To begin the process of understanding the proper role of reason let us consider two examples. The first is an experience that I had a few weeks ago while teaching some of my students about Newton's Laws. My students were performing an experiment to prove Newton's first law. The experiment consisted of balancing different forces in order to achieve equilibrium. In discussing the lab with some of my students I asked them about the uncertainty associated with the lab, as in, how much certain variables could change and they would still get the same result. At this point I asked my students which of the two important variables they were measuring had a greater effect on the overall uncertainty of the experiment (to get an idea of what I am talking about, imagine flying in an airplane from New York to Los Angeles. To get there I need a bearing (direction) and a distance. If I am off by one mile in the distance it is not as critical, but if I am off by one degree I could end up missing my target by more than 50 miles. In this case the uncertainty in the bearing is more important than the uncertainty in the distance.). So I asked my students to tell me which of the variables they were dealing with was more important to the uncertainty, and after I got some answers with an explanation of their reasoning I asked the question, "How do you know that?" At that point I got blank and dumbfounded stares from my students, as if to say, "What do you mean, "How do we know that"?" This group of students had just given me their answer, they had thought it through, given me their reasons as for why they thought they were correct and then when I asked them to back up their reasoning with "proof" (i.e. another mode of knowing) they were floored. It was as if it had never occurred to them that thinking about something and coming up with a good "reason" was not sufficient "proof".
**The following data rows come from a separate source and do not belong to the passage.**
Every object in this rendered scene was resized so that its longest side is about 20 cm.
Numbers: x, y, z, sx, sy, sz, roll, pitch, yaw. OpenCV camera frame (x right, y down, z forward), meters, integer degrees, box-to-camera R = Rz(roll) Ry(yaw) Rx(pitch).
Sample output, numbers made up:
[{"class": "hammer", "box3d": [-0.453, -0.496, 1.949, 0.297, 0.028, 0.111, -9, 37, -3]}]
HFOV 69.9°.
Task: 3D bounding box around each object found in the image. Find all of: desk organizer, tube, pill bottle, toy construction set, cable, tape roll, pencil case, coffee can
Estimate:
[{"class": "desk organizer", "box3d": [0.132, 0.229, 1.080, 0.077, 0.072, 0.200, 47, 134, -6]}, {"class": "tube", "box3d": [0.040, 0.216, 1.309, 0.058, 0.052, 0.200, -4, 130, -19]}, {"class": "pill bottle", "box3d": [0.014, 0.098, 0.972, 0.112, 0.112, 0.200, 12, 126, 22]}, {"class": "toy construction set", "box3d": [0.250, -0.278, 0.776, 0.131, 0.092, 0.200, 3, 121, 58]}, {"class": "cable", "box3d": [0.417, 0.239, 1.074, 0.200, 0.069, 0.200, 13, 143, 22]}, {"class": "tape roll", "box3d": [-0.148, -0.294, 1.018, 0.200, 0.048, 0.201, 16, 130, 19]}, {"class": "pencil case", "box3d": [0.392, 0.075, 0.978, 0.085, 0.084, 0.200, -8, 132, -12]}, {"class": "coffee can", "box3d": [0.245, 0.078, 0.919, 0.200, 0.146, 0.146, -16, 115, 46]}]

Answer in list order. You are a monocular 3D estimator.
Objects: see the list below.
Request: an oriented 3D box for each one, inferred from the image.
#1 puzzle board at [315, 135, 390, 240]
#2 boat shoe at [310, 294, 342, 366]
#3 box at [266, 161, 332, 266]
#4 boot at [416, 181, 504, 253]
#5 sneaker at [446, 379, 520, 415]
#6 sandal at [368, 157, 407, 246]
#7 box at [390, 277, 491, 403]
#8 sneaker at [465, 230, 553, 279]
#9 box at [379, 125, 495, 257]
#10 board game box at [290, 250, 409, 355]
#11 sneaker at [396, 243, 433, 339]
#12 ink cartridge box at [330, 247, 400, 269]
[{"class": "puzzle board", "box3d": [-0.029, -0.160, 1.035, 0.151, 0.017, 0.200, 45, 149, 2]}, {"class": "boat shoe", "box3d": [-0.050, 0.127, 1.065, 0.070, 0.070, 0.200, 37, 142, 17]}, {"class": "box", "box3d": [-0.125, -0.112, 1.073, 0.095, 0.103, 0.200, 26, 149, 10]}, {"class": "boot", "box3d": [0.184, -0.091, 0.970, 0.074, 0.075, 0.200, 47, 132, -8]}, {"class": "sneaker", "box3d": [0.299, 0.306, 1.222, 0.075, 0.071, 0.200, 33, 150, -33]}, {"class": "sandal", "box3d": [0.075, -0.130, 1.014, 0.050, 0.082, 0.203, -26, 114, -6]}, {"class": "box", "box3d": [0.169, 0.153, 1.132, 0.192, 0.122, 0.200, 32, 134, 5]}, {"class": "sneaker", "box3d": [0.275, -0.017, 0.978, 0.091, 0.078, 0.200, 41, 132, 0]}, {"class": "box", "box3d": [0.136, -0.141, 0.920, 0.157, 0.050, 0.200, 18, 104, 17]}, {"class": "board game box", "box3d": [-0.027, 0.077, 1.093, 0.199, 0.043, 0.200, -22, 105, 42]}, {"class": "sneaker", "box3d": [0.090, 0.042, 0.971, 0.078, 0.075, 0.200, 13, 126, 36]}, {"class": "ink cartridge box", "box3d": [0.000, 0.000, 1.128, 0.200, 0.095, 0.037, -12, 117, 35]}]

The attitude of my students is hardly an isolated incident, but is indicative of a more general attitude found among those who commonly use reason to understand the world. A more striking example of this type of attitude can be found in the early works of Ludwig Wittgenstein. In the famous introduction to his book Tractatus Logico-Philosophicus he states, "the truth of the thoughts communicated here seems to me unassailable and definitive. I am, therefore, of the opinion that the problems have in essentials been finally solved." So firm was his conviction that in his short book he had managed to solve all of the problems of philosophy and logic that he thereafter left his studies at Cambridge and did not return for eight years.
In both of these examples the common element is a firm belief that what has been reasoned out is correct and there is no more need to continue with an investigation or even to reason further. Certainly there is the temptation that when we have thought about something to a sufficient degree and come to a resolution, we think that there is no further need to reason it out and understand it more, let alone use any of the other modes of knowing to confirm our reasoning. Like Wittgenstein there is the tendency to think that when we have come to the logical conclusion of our thoughts then there is no more and nothing further to be understood or considered about the topic.
So what is the remedy for this way of thinking? How do we escape this way of approaching learning, which if unchecked will result in our misunderstanding the nature of things? The answer, though simple, is almost unheard of, or even entirely unheard of, in the realm of epistemology. Quite simply, the remedy for these ailments is humility. In a brief search of The Standford Encyclopedia of Philosophy, not a single article about humility is given, and most references to humility are under the category of religion, and not knowledge. There is a reference to humility in a article on wisdom but humility is ultimately written off as "not promising". This is unfortunate because if humility was taken as the necessary prerequisite to reason then that would solve most, if not all, philosophical problems.
So why humility? Why would I call it a prerequisite for reason? In explaining this I will give my reasons for thinking this, but without considering the full implications, the rest is left as an exercise to interested reader.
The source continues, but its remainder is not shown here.